As exciting as these developments are, there’s still a long way to go before we have fully autonomous robots that can handle all aspects of human tasks. Bohg is quick to point out that while general-purpose robots, the kind seen in science fiction, are still far off, the future of robotics likely lies in more specialized machines designed for specific tasks. Instead of a robot that can do everything, we’re more likely to see robots tailored for particular environments, such as hospitals, where they can shuttle supplies or assist with simple tasks that free up human workers to focus on more critical activities.

Take, for instance, the startup Diligent Robotics, which is working on robots to help nurses by shuttling supplies around hospitals.
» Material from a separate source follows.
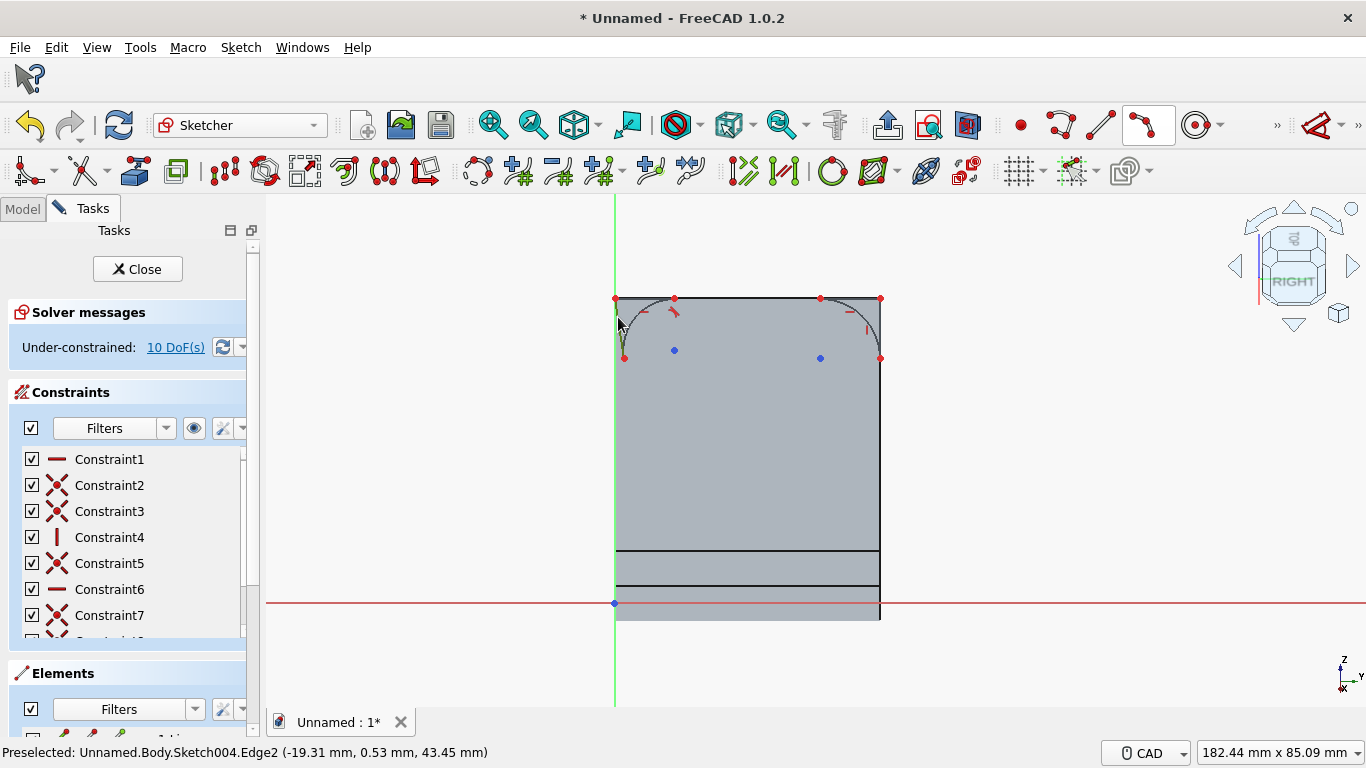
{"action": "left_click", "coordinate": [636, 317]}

Rather than trying to create a robot that can take on patient care, Diligent Robotics identified a simpler yet highly impactful task—moving supplies—that robots can do more reliably. These specialized robots are not just augmenting human abilities but helping create more efficient workflows in environments where time and precision are critical.

The hardware side of robotics also remains a significant challenge. Today’s robotic arms are still fragile, expensive, and prone to breaking down. Many research robots can cost tens of thousands of dollars, and their fragility means that researchers spend as much time repairing them as they do testing them. Industrial robots in factories, which are stiff and precise, are reliable but not suitable for environments where they might interact with humans—they’re simply too dangerous. Developing robotic hardware that is robust enough for everyday use, while also safe for human environments, is an ongoing challenge.

Looking ahead, Bohg envisions a future where robots may not look humanoid, despite the popular image in science fiction. Humanoid robots might seem intuitive because they can operate in spaces designed for humans, but in reality, robots designed with simpler, more specialized forms might be more practical and efficient. Think of a Roomba with an arm that could pick up objects off the floor—less humanlike, perhaps, but far more useful for everyday tasks.

The future of robotics, then, isn’t about achieving human-like capabilities all at once, but about carefully designing robots for specific, impactful tasks while continuing to push the boundaries of what AI and machine learning can accomplish. By combining the reasoning power of large language models with more advanced hardware and sensorimotor control, the dream of robots seamlessly integrating into our daily lives is closer than ever—though still just out of reach.